Reputation: 3509
I have following code, after performing a sobel operation:
short* tempBufferVert = new short[width * height];
ippiFilterSobelVertBorder_8u16s_C1R(pImg, width, tempBufferVert, width * 2, dstSize, IppiMaskSize::ippMskSize3x3, IppiBorderType::ippBorderConst, 0, pBufferVert);
for (int i = 0; i < width * height; i++)
tempBufferVert[i] >>= 2;
The frustrating thing is, the bit shift is the longest taking operation of it all, the IPP sobel is so optimized it runs faster than my stupid bit shift. How can I optimize the bitshift, or are there IPP or other options (AVX?) to perform a bitshift on the whole memory (but pertain the sign of the short, which the >>= does on the Visual Studio implementation)
Upvotes: 0
Views: 1867
Reputation: 69902
C++ optimisers perform a lot better with iterator-based loops than with indexing loops.

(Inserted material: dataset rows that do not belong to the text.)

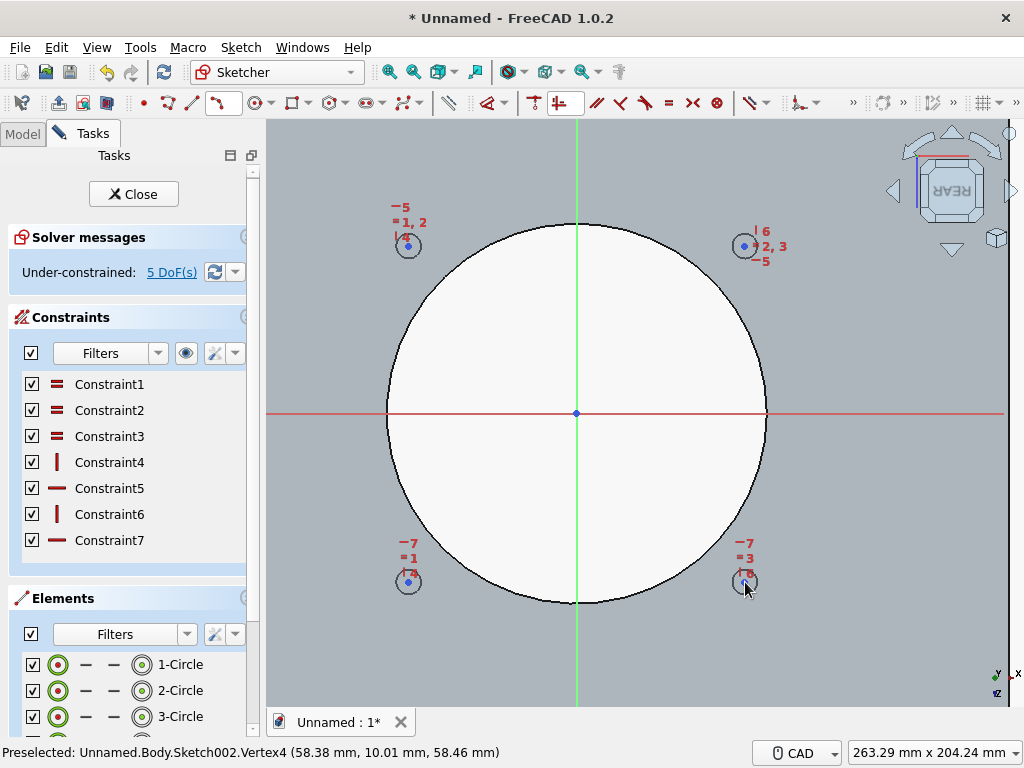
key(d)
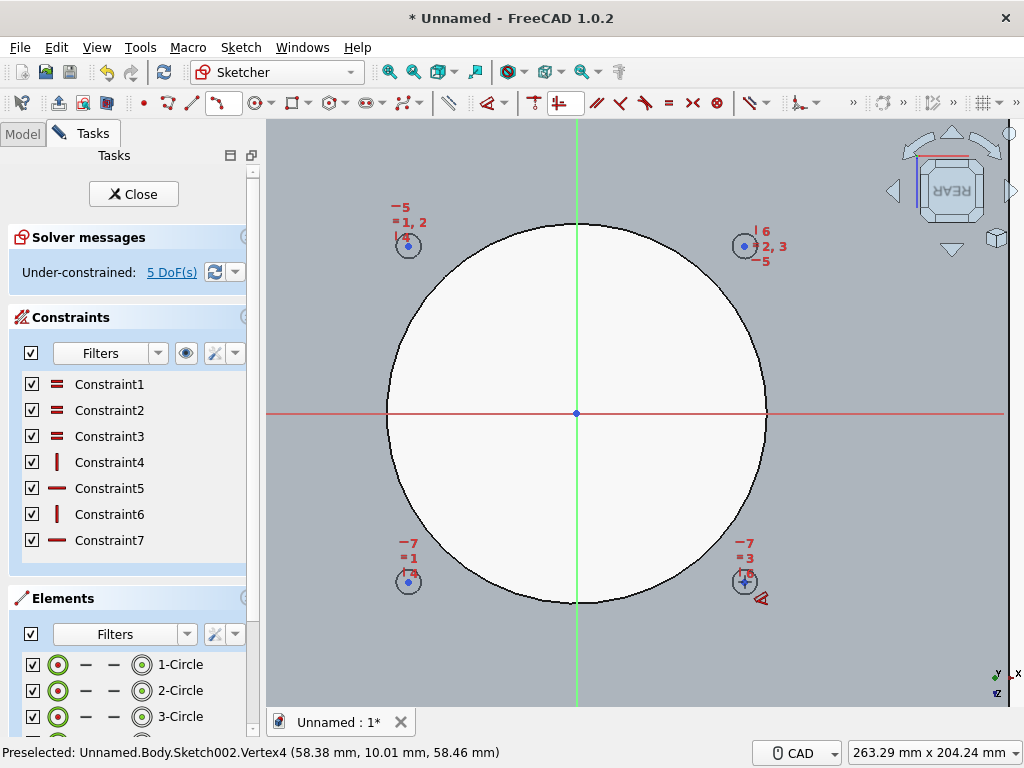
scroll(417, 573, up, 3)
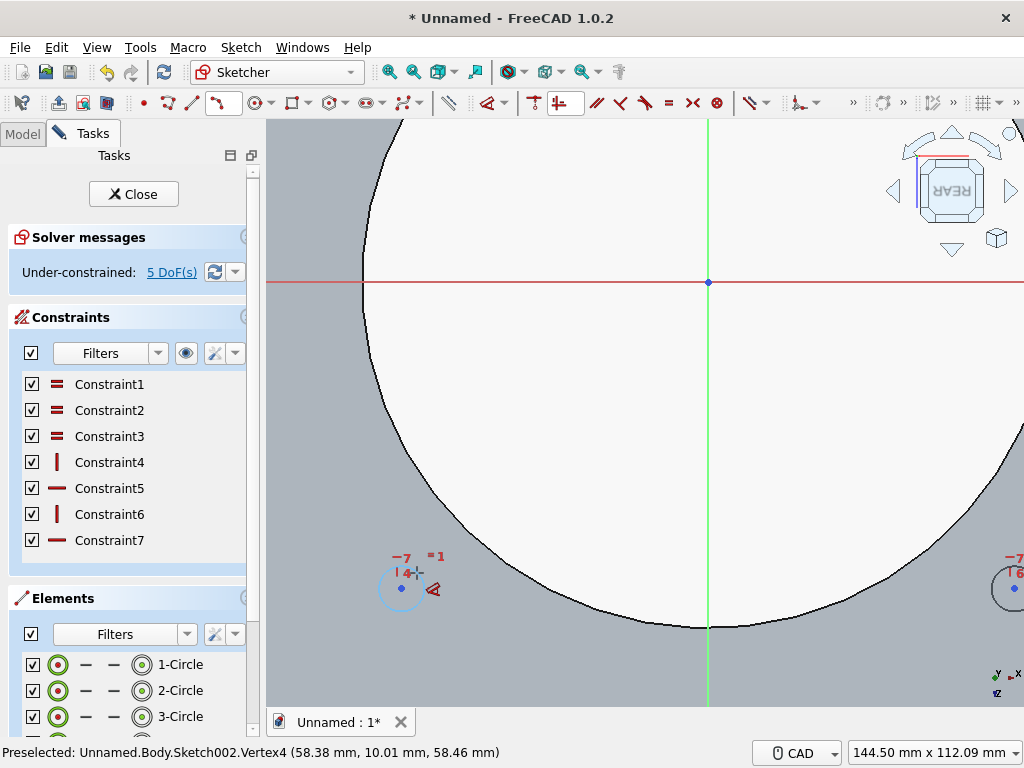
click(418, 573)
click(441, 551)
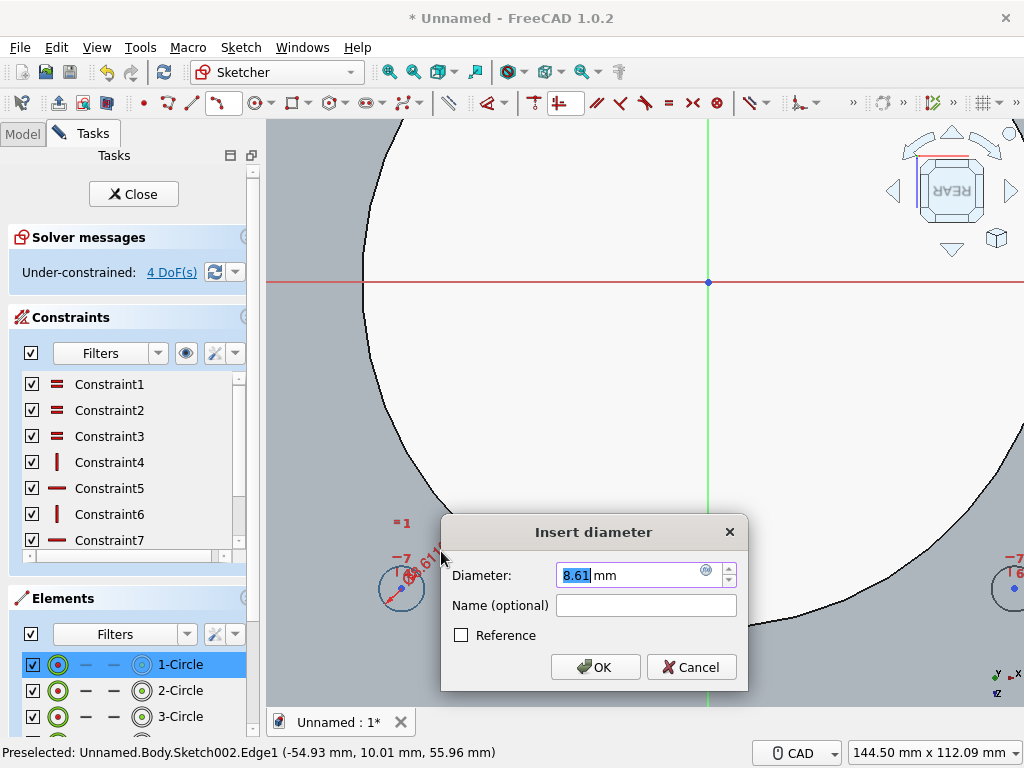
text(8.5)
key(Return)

This is because the compiler can make assumptions about how address arithmetic works at the index overflow. For it to make the same assumptions when using an index into an array you must happen to pick the correct datatype for the index by luck.

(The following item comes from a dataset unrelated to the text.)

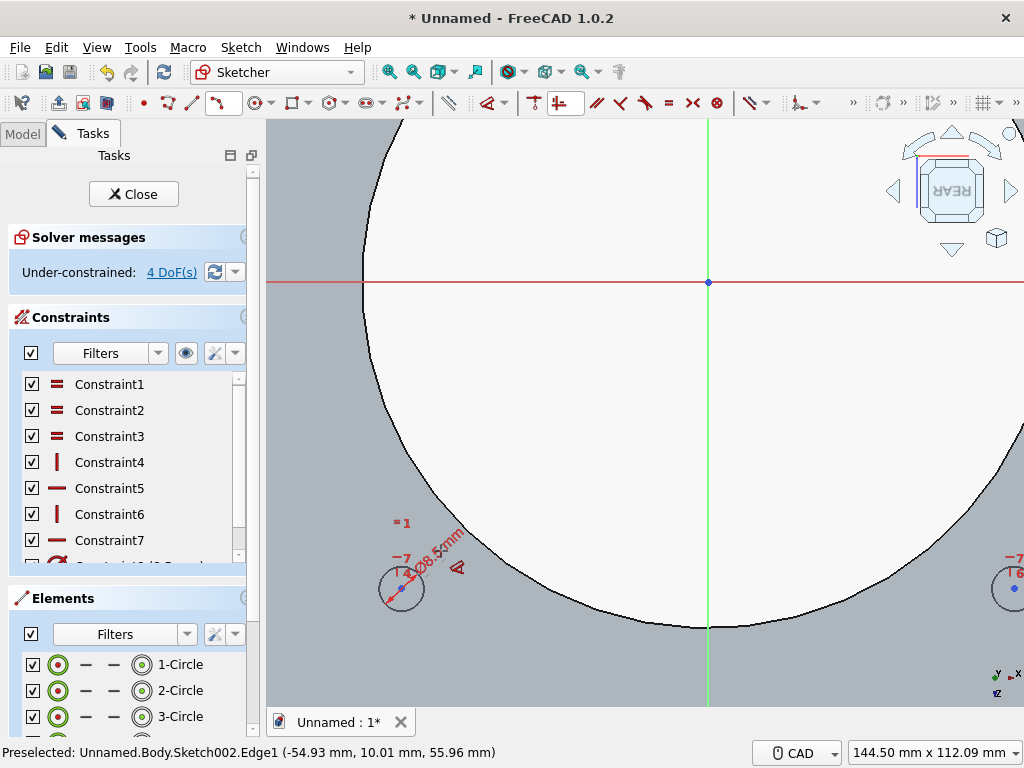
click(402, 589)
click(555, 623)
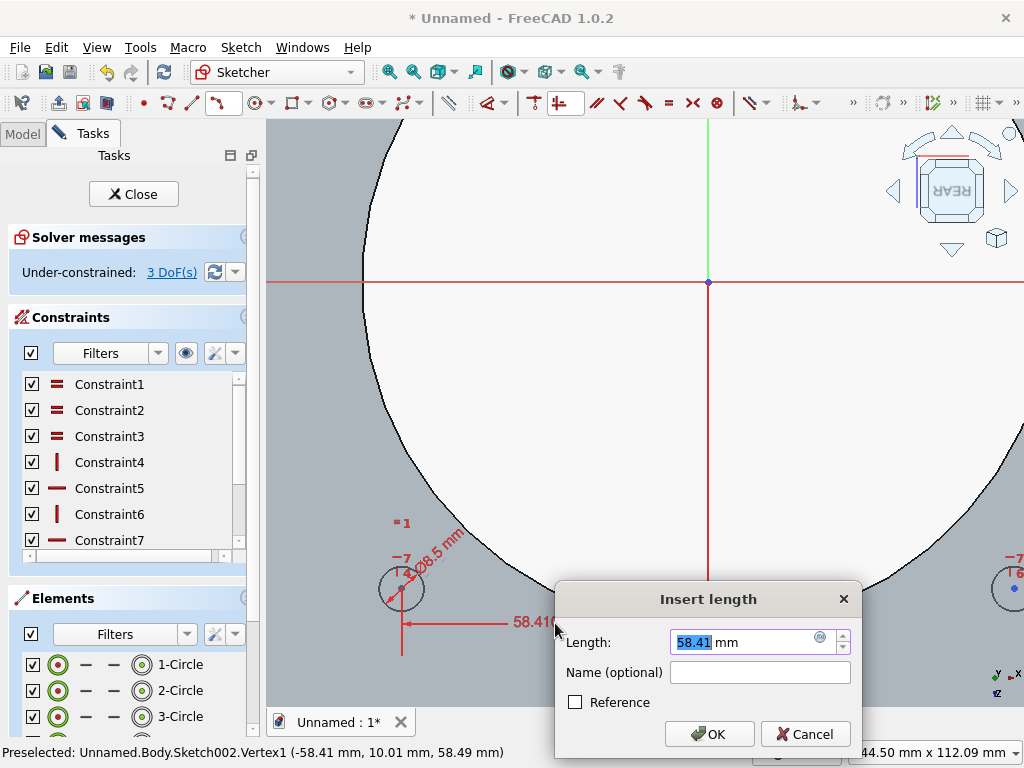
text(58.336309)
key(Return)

The shift code can be expressed as:
void shift(short* first, short* last, int bits)
{
while (first != last) {
*first++ >>= bits;
}
}
int test(int width, int height)
{
short* tempBufferVert = new short[width * height];
shift(tempBufferVert, tempBufferVert + (width * height), 2);
}
Which will (with correct optimisations enabled) be vectorised: https://godbolt.org/g/oJ8Boj
note how the middle of the loop becomes:
.L76:
vmovdqa ymm0, YMMWORD PTR [r9+rdx]
add r8, 1
vpsraw ymm0, ymm0, 2
vmovdqa YMMWORD PTR [r9+rdx], ymm0
add rdx, 32
cmp rsi, r8
ja .L76
lea rax, [rax+rdi*2]
cmp rcx, rdi
je .L127
vzeroupper
Upvotes: 1
Reputation: 213060
Firstly make sure you are compiling with optimisation enabled (e.g. -O3
), and then check whether your compiler is auto-vectorizing the right shift loop. If it's not then you can probably get a significant improvement with SSE:
#include <emmintrin.h> // SSE2
for (int i = 0; i < width * height; i += 8)
{
__m128i v = _mm_loadu_si128((__m128i *)&tempBufferVert[i]);
v = _mm_srai_epi16(v, 2); // v >>= 2
_mm_storeu_si128((__m128i *)&tempBufferVert[i], v);
}
(Note: assumes width*height
is a multiple of 8.)
You can probably do even better with some loop unrolling and/or using AVX2, but this may be enough for your needs as it stands.
Upvotes: 1